# Exploring
 * POS Tagging: 토큰에 품사를 부착

In [5]:
import nltk
nltk.download('punkt')
nltk.download('averaged_perceptron_tagger')
simpleSentence = 'Seoul is the catpital of Korea.'
wordsInSentence = nltk.word_tokenize(simpleSentence)
print(wordsInSentence)
partsOfSpeechTags = nltk.pos_tag(wordsInSentence)
print(partsOfSpeechTags)

['Seoul', 'is', 'the', 'catpital', 'of', 'Korea', '.']
[('Seoul', 'NNP'), ('is', 'VBZ'), ('the', 'DT'), ('catpital', 'NN'), ('of', 'IN'), ('Korea', 'NNP'), ('.', '.')]


[nltk_data] Downloading package punkt to
[nltk_data]     C:\Users\student\AppData\Roaming\nltk_data...
[nltk_data]   Package punkt is already up-to-date!
[nltk_data] Downloading package averaged_perceptron_tagger to
[nltk_data]     C:\Users\student\AppData\Roaming\nltk_data...
[nltk_data]   Package averaged_perceptron_tagger is already up-to-
[nltk_data]       date!


# Own Tagger
 * 자신의 품사 태거를 작성

In [9]:
import nltk
def learnDefaultTagger(simpleSentence):
    wordsInSentence = nltk.word_tokenize(simpleSentence)
    tagger = nltk.DefaultTagger('NN')
    posEnabledTags = tagger.tag(wordsInSentence)
    print(posEnabledTags)
    
def learnRETagger(simpleSentence): # 직접 정규표현식을 활용하여 (특정 규칙을 만족하면) 품사를 tagging
    customPatterns = [
        (r'.*ing$','ADJECTIVE'), # running
        (r'.*ly$','ADVERB'), # willingly
        (r'.*ion$','NOUN'), # intimation
        (r'(.*ate|.*en|is)$', 'VERB'), # terminate, darken, lighten
        (r'^an$', 'INDEFINITE-ARTICLE'), # terminate
        (r'^(with|on|at)$', 'PREPOSITION'), # on
        (r'^\-?[0-9]+(\.[0-9]+)$', 'NUMBER'), # -1.0, 12345.123
        (r'.*$', None),
    ]
    tagger = nltk.RegexpTagger(customPatterns) # tagger를 위에서 정의한 패턴으로 정의
    wordsInSentence = nltk.word_tokenize(simpleSentence) # tokenize
    posEnabledTags = tagger.tag(wordsInSentence) # tag 붙이기 
    print(posEnabledTags)
    
def learnLookupTagger(simpleSentence):
    mapping = {
        '.':'.', 'place':'NN','on':'IN',
        'earth':'NN','Reykjavik':'NNP','is':'VBZ',
        'an':'DT','amazing':'JJ'
    }
    tagger = nltk.UnigramTagger(model=mapping)
    wordsInSentence = nltk.word_tokenize(simpleSentence)
    posEnabledTags = tagger.tag(wordsInSentence)
    print(posEnabledTags)
     
    
    
if __name__ == '__main__': # 프로그램이 시작되는 곳 (진입점) 
    testSentence = "Reykjavik is an amazing place on earth.
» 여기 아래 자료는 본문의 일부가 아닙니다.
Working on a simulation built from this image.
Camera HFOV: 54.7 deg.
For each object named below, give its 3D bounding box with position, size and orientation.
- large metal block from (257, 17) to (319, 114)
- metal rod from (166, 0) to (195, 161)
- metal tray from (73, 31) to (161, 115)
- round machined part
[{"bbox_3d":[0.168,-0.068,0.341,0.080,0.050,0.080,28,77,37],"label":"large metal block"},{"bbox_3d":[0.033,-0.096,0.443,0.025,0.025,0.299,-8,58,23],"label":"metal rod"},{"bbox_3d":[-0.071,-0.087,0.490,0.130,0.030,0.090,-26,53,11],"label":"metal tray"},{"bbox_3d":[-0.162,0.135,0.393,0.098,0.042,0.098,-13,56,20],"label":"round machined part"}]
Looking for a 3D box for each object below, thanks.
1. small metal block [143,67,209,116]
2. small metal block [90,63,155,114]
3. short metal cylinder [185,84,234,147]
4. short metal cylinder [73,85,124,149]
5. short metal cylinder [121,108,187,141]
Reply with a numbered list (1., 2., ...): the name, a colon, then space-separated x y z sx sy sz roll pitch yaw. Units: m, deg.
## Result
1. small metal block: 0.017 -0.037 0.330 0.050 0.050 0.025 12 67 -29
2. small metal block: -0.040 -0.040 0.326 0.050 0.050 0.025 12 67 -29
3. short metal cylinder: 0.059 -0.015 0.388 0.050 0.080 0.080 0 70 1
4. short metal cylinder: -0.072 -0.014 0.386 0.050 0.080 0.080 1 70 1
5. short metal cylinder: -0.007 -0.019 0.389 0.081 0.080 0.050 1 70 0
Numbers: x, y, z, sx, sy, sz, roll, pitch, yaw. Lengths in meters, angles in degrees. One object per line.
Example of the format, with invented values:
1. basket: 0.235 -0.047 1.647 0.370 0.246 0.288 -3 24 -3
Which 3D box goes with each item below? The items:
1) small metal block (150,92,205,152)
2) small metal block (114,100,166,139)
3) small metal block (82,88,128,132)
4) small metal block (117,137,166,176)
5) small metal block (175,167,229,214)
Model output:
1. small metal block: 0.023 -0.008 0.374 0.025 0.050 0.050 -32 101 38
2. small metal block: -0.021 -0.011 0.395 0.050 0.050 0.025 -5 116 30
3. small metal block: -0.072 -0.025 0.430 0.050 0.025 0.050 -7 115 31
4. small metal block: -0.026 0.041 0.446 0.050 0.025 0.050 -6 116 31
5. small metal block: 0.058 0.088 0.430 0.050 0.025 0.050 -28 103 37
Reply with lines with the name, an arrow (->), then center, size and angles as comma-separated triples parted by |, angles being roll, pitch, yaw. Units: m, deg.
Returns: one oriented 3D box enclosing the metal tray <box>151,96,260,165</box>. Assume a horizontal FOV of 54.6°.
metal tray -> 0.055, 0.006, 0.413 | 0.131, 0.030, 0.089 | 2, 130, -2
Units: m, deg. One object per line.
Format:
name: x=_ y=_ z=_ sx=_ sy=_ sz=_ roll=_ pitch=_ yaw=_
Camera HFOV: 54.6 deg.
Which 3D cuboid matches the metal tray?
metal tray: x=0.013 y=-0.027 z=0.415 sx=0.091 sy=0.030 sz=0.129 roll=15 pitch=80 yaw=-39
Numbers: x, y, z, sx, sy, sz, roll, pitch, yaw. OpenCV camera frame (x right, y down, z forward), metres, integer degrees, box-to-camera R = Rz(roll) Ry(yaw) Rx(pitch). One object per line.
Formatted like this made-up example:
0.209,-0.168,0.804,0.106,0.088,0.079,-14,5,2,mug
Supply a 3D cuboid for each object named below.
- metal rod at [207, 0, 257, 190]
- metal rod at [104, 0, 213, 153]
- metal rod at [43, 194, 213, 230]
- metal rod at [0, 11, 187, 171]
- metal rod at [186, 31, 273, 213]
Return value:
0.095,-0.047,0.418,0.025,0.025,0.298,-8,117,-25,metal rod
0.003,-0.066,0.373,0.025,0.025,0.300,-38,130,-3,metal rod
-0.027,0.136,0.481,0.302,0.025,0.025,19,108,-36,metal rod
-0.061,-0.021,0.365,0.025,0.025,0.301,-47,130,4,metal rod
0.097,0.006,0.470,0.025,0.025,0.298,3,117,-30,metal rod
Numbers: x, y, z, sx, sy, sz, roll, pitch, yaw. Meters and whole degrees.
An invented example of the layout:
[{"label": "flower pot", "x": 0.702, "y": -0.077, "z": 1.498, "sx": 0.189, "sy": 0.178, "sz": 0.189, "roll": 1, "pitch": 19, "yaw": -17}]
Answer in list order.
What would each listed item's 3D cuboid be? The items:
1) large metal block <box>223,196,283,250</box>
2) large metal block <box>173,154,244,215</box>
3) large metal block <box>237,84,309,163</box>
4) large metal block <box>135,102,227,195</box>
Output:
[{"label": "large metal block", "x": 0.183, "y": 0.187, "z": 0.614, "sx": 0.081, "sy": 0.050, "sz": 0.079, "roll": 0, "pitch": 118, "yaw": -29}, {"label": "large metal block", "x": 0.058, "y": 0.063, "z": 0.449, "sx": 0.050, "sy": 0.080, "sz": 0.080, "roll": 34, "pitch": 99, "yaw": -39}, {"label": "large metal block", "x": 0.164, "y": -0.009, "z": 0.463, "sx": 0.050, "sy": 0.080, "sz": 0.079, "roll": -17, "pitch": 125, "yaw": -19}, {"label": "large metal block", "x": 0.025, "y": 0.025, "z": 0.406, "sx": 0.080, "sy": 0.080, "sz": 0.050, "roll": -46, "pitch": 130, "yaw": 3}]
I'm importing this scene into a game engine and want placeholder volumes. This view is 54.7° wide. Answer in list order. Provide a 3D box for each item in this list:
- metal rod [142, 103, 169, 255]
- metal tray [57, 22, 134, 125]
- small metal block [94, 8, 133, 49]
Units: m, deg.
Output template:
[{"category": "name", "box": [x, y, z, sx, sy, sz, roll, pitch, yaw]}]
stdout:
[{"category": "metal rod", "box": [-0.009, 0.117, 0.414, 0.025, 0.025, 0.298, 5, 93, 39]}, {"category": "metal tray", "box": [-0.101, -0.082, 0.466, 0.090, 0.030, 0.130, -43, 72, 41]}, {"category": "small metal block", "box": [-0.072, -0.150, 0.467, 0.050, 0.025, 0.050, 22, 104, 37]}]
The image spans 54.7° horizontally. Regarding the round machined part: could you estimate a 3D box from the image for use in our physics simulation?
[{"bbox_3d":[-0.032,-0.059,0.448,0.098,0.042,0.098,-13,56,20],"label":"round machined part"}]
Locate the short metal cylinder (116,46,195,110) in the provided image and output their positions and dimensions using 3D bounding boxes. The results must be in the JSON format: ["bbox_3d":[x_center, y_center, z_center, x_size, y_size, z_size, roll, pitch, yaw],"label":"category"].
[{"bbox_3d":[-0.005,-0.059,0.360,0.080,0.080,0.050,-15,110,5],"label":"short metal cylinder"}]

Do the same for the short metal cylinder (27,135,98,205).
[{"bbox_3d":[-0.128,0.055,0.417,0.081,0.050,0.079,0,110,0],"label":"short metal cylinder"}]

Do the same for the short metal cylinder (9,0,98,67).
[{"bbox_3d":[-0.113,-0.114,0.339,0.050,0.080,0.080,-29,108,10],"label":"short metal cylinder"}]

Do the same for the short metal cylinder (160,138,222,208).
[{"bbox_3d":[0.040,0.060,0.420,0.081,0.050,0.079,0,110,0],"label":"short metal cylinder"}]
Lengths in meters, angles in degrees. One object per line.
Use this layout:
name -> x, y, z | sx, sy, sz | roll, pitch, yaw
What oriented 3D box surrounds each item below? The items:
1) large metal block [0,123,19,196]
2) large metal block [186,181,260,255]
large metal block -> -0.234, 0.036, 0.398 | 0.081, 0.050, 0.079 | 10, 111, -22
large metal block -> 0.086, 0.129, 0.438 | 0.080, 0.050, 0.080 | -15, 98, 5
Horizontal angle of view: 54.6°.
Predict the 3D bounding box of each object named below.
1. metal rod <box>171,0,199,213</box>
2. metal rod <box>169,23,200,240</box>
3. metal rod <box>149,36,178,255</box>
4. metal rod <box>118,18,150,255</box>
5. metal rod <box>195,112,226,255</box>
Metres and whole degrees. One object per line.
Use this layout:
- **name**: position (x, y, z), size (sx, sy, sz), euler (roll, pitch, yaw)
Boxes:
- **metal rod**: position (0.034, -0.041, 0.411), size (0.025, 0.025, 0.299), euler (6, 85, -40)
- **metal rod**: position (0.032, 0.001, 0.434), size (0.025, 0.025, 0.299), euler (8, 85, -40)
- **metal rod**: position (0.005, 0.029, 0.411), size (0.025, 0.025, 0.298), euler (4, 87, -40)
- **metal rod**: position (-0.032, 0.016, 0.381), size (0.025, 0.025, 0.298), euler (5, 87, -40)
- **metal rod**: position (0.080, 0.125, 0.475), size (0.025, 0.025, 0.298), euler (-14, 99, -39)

I have visited Reykjavik" # test하고자 하는 문장
    learnDefaultTagger(testSentence) # token화를 하고, 기본이 NN이기 때문에 NN이 붙음 
    learnRETagger(testSentence) # 
    learnLookupTagger(testSentence)

[('Reykjavik', 'NN'), ('is', 'NN'), ('an', 'NN'), ('amazing', 'NN'), ('place', 'NN'), ('on', 'NN'), ('earth', 'NN'), ('.', 'NN'), ('I', 'NN'), ('have', 'NN'), ('visited', 'NN'), ('Reykjavik', 'NN')]
[('Reykjavik', None), ('is', 'VERB'), ('an', 'INDEFINITE-ARTICLE'), ('amazing', 'ADJECTIVE'), ('place', None), ('on', 'PREPOSITION'), ('earth', None), ('.', None), ('I', None), ('have', None), ('visited', None), ('Reykjavik', None)]
[('Reykjavik', 'NNP'), ('is', 'VBZ'), ('an', 'DT'), ('amazing', 'JJ'), ('place', 'NN'), ('on', 'IN'), ('earth', 'NN'), ('.', '.'), ('I', None), ('have', None), ('visited', None), ('Reykjavik', 'NNP')]


In [10]:
__name__ # __name__은 __main__과 같다.

'__main__'

# Train 3 
 * 자체 태거를 학습시켜 모델로 저장

In [20]:
import nltk
import pickle

def sampleData(): # 학습시킬 sample data를 생성 
    return [
        "Bangalore is the capital of Karnataka.",
        "Steve Jobs was the CEO of Apple.",
        "iPhone was Invented by Apple.",
        "Books can be purchased in Market.",
        ]

def buildDictionary(): # sample data를 활용하여 tag를 붙이고, 그 tag를 dictionary형태로 저장
    dictionary = {}
    for sent in sampleData(): # 문장을 하나씩 호출
        # print(sent)
        partsOfSpeechTags = nltk.pos_tag(nltk.word_tokenize(sent)) # 문장마다 token화 + tagging
        for tag in partsOfSpeechTags: 
            value = tag[0] # 0번째는 value
            pos = tag[1] # 1번째는 tag
            dictionary[value] = pos # dictionary의 value는 tag! 
    return dictionary

def saveMyTagger(tagger, fileName): # 
    fileHandle = open(fileName, "wb") # fileName을 쓰기mode로 open
    pickle.dump(tagger, fileHandle) # pickle을 사용하여 있는 그대로 dump 
    fileHandle.close() # 파일 닫기 
    
def saveMyTraining(fileName): 
    tagger = nltk.UnigramTagger(model=buildDictionary()) # tagger는 우리가 만든 dictionary 모델로 설정
    saveMyTagger(tagger, fileName)
    
def loadMyTagger(fileName): 
    return pickle.load(open(fileName, "rb")) # 만든 tagger을 읽기모드로 open 

sentence = 'Iphone is purchased by Steve Jobs in Bangalore Market'
fileName = "myTagger.pickle"
saveMyTraining(fileName)
myTagger = loadMyTagger(fileName)
print(myTagger.tag(nltk.word_tokenize(sentence)))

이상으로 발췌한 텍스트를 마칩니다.